A Differential gene expression analysis from microarray data obtained from public repositories (detailed in supplemental methods) showed up-regulation of several immune regulators in FL-LN (n = 427) compared to a normal tonsil (n = 30). Fold changes (FC) are indicated and red color means statistical significance (unpaired nonparametric t test, Mann–Whitney). B Heatmap representing the percentage of positive cells assessed by flow cytometry for the immune regulators on CD4 and CD8 T cells of day 3-and day 7 FL-PDLS (n = 3–11). Results were compared with PBMCs from healthy donors (n = 4).
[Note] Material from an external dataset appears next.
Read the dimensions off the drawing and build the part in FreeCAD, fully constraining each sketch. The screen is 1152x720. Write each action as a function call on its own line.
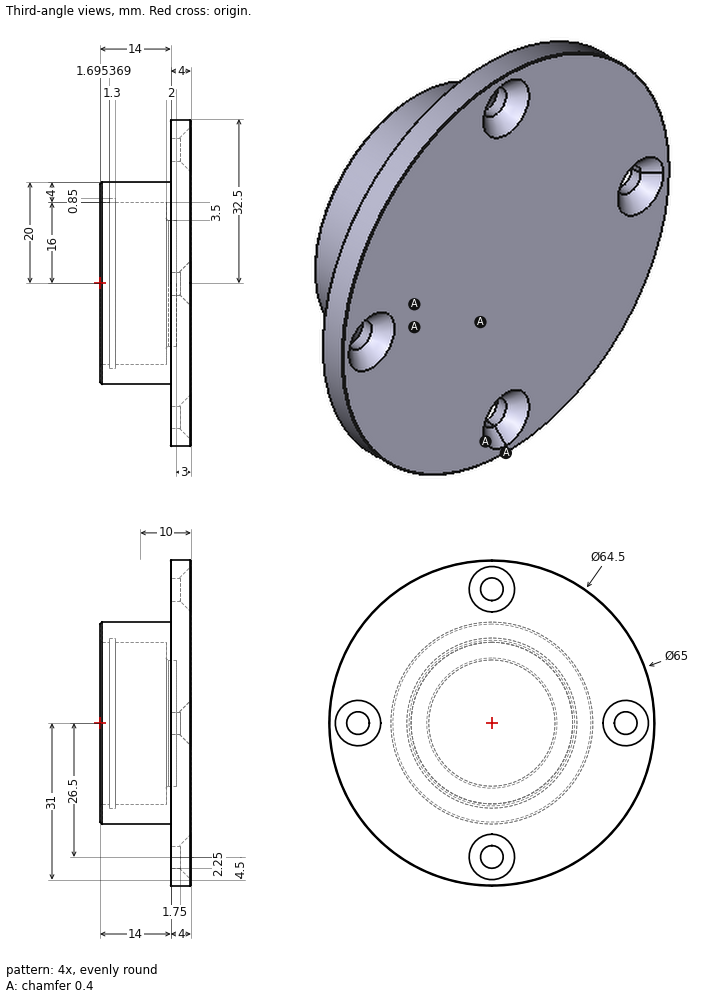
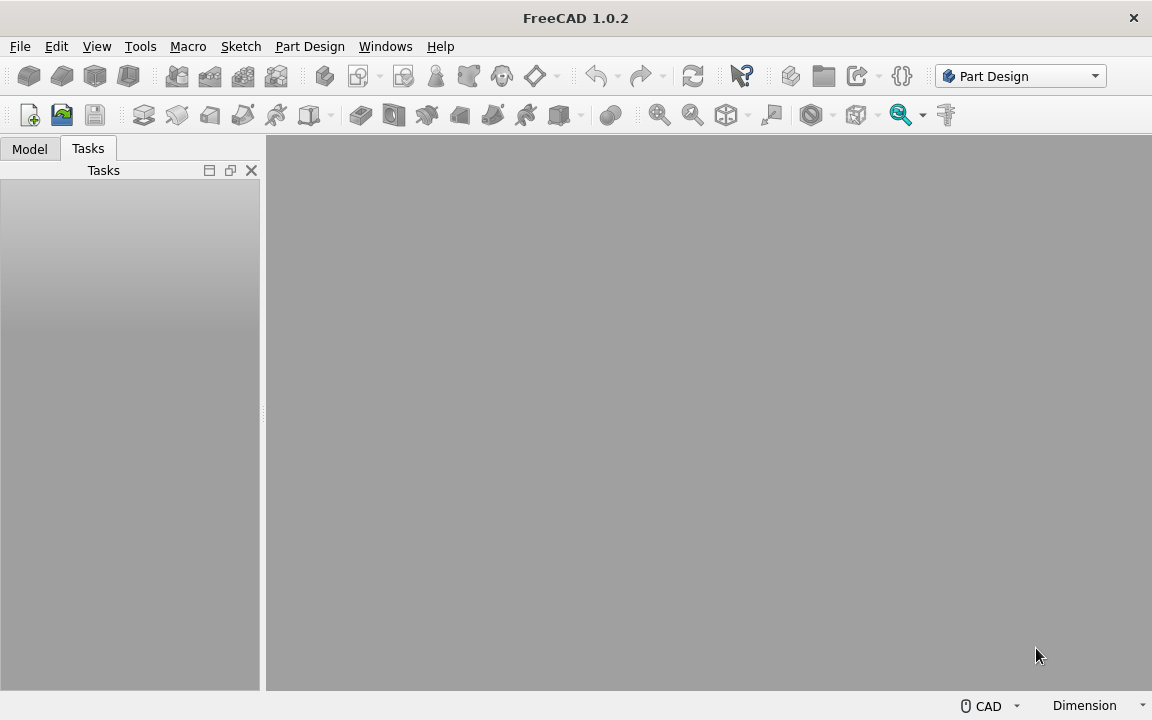
click(29, 116)

C Uniform Manifold Approximation and Projection (UMAP) plot for day 3-FL-PDLS autologous CD3⁺ cells based on the expression of activation and exhaustion markers assessed by flow cytometry and colored by cluster identity (left panel). Percentage distribution of those clusters (middle panel). UMAP plots show the distribution of PD-1, TIM-3, LAG-3, and ICOS expression (right panel). D Average expression levels of each protein represented on CD3⁺ clusters (n = 6). E Day 3-FL-PDLS autologous CD3⁺ phenotypes based on flow cytometry CCR7 and CD45RA expression. F Percentage of T_FH (CXCR5⁺FoxP3⁻), T_REG (CXCR5⁻FoxP3⁺), and T_FR (CXCR5⁺FOXP3⁺) out of CD4⁺ population on day 3-FL-PDLS. Patients are identified by the origin of the FL sample.